## WORK ITEM
As you reproduce every line below, keep it exactly as written and leave out the images.

## SUPPLIED ENTRIES

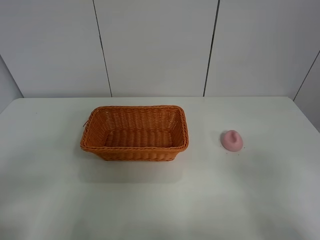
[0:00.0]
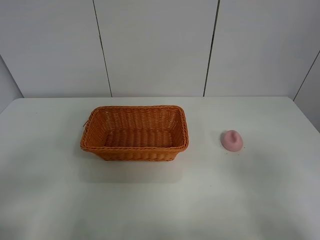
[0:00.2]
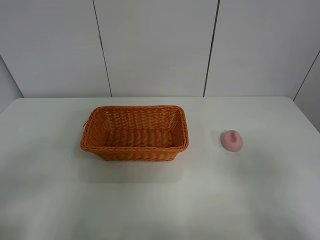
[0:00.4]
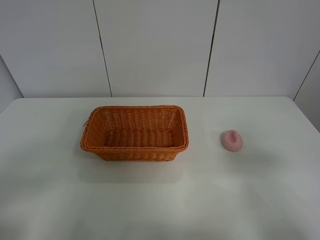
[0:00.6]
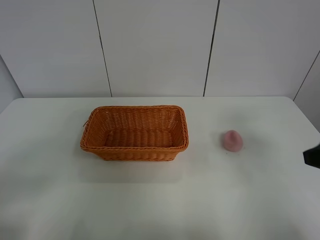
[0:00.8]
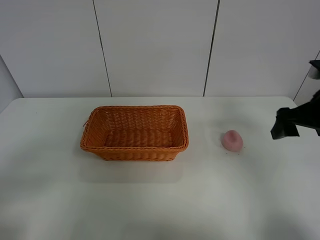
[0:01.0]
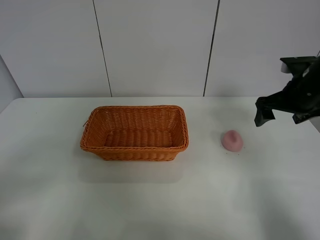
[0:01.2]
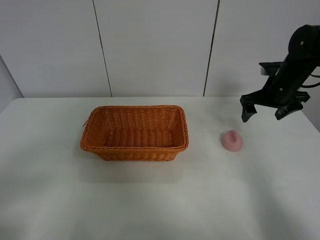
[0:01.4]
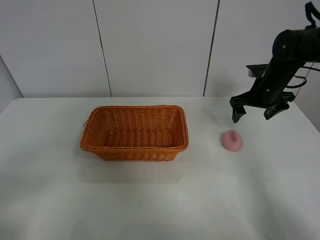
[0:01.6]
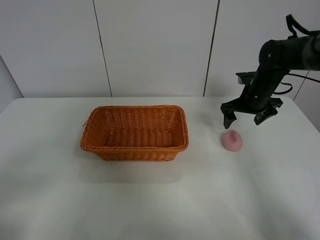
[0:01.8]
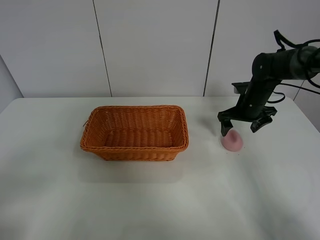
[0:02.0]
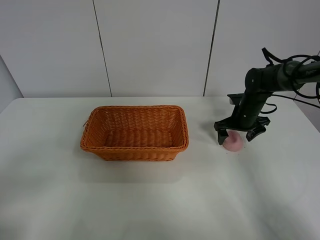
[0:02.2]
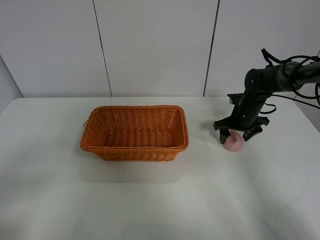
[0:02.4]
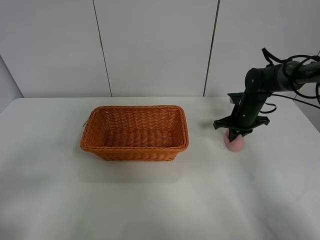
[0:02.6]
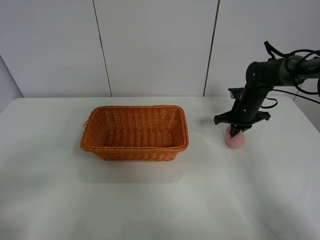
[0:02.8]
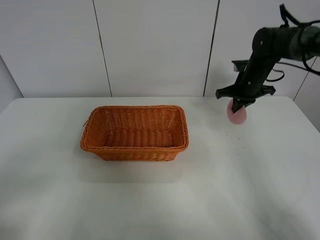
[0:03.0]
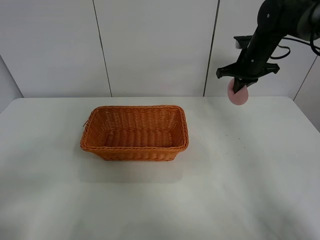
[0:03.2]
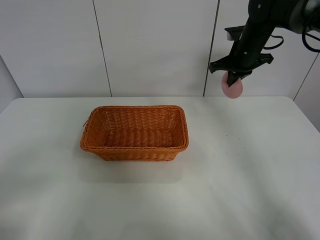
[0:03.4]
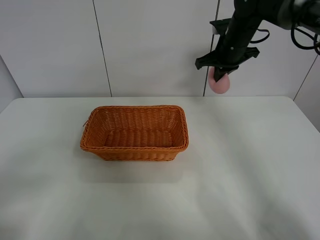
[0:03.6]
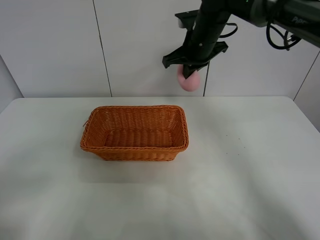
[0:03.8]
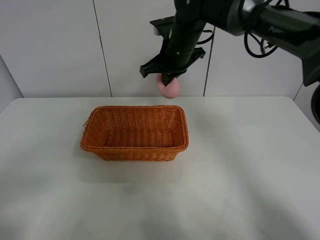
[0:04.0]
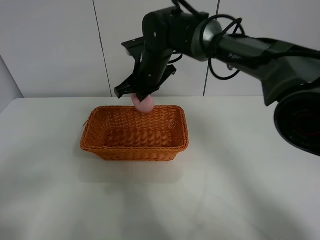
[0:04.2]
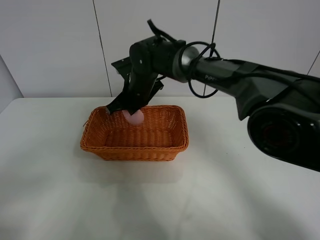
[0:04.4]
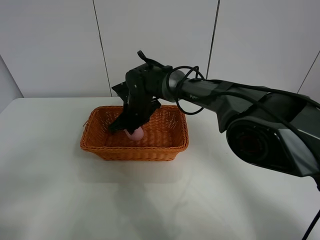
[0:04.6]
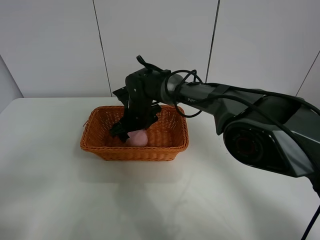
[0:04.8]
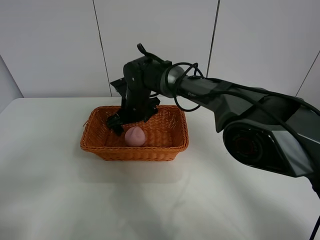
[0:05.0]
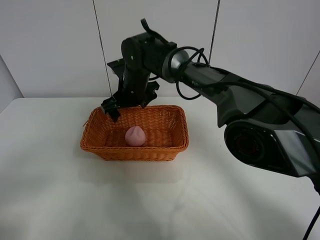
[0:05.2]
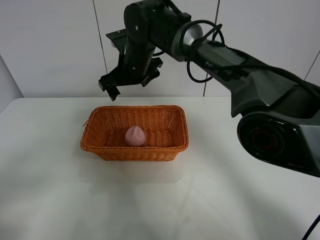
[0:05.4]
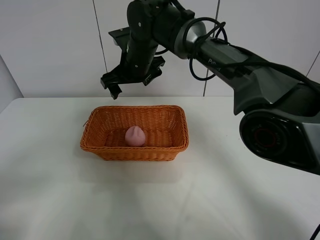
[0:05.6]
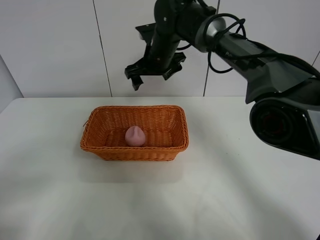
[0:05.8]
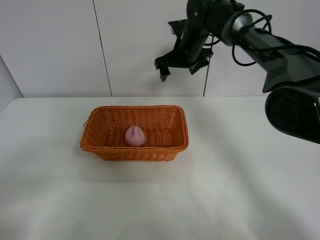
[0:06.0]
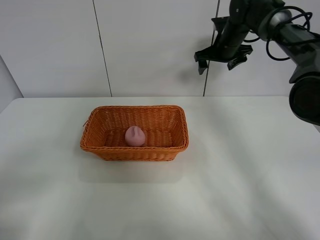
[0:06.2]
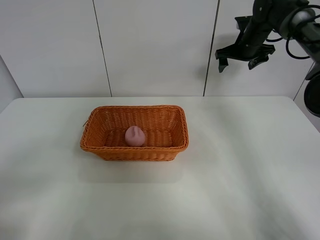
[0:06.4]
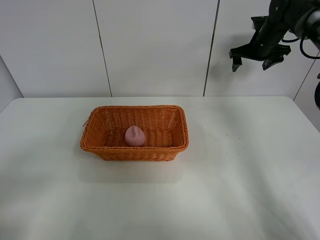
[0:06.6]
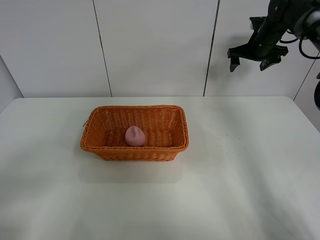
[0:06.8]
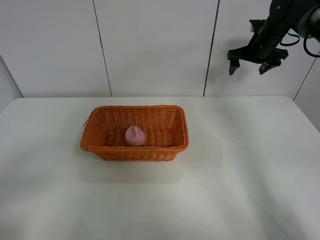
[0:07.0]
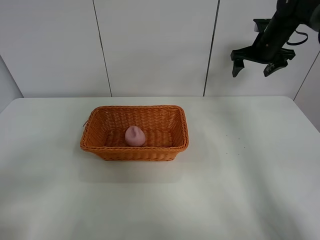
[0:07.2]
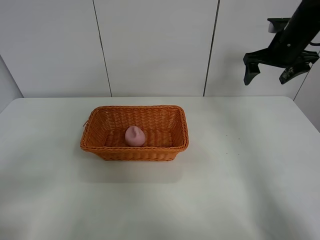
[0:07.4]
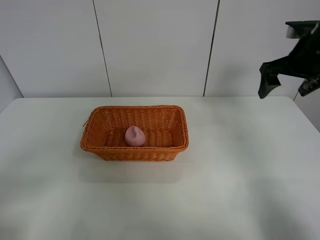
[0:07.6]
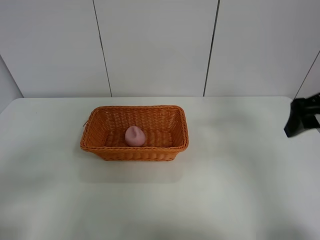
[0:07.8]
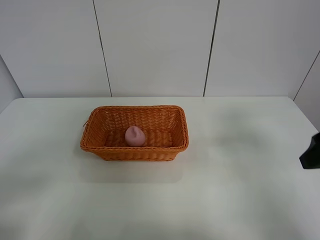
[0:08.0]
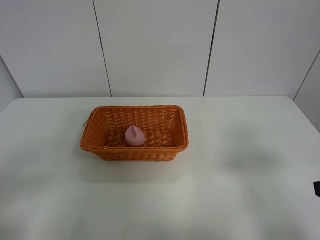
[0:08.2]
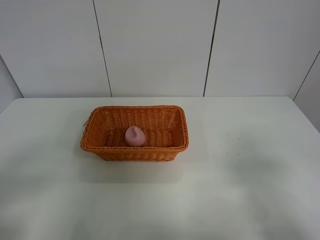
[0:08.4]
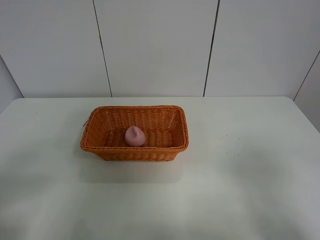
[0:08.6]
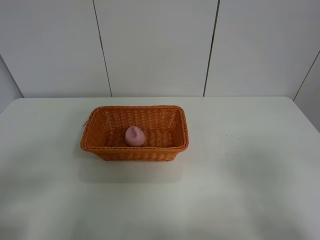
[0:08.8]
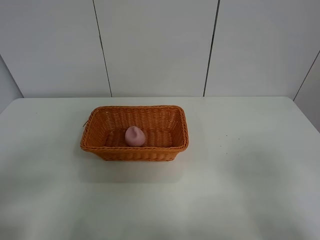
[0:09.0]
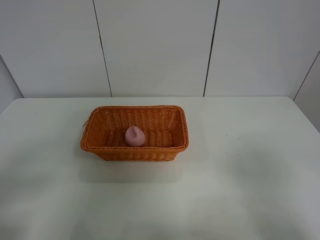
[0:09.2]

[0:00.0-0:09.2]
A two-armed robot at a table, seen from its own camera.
Step, 0:00.0 to 0:02.8: Grasp the peach with right gripper.
Step, 0:03.0 to 0:05.2: Place the peach in the basket with right gripper.
0:00.0 to 0:01.6: The right gripper moves forward, some 40 cm.
0:01.6 to 0:03.0: The right gripper goes downward and returns, about 10 cm each way, and closes its fingers.
0:03.0 to 0:04.6: The right gripper goes about 30 cm to the left, and opens its fingers.
0:04.6 to 0:06.2: The right gripper travels to the right, upward and forward by roughly 30 cm, and opens up.
0:06.2 to 0:07.6: The right gripper shifts approximately 20 cm backward and to the right.
0:07.6 to 0:09.2: The right gripper heads backward, covering about 35 cm.

## YOUR SOLUTION
[0:00.0]
[0:00.2]
[0:00.4]
[0:00.6]
[0:00.8]
[0:01.0]
[0:01.2]
[0:01.4]
[0:01.6]
[0:01.8]
[0:02.0]
[0:02.2]
[0:02.4]
[0:02.6]
[0:02.8]
[0:03.0]
[0:03.2]
[0:03.4]
[0:03.6]
[0:03.8]
[0:04.0]
[0:04.2]
[0:04.4]
[0:04.6]
[0:04.8]
[0:05.0]
[0:05.2]
[0:05.4]
[0:05.6]
[0:05.8]
[0:06.0]
[0:06.2]
[0:06.4]
[0:06.6]
[0:06.8]
[0:07.0]
[0:07.2]
[0:07.4]
[0:07.6]
[0:07.8]
[0:08.0]
[0:08.2]
[0:08.4]
[0:08.6]
[0:08.8]
[0:09.0]
[0:09.2]

[0:00.0-0:09.2]
A two-armed robot at a table, seen from its own camera.
Step, 0:00.0 to 0:02.8: Grasp the peach with right gripper.
Step, 0:03.0 to 0:05.2: Place the peach in the basket with right gripper.
0:00.0 to 0:01.6: The right gripper moves forward, some 40 cm.
0:01.6 to 0:03.0: The right gripper goes downward and returns, about 10 cm each way, and closes its fingers.
0:03.0 to 0:04.6: The right gripper goes about 30 cm to the left, and opens its fingers.
0:04.6 to 0:06.2: The right gripper travels to the right, upward and forward by roughly 30 cm, and opens up.
0:06.2 to 0:07.6: The right gripper shifts approximately 20 cm backward and to the right.
0:07.6 to 0:09.2: The right gripper heads backward, covering about 35 cm.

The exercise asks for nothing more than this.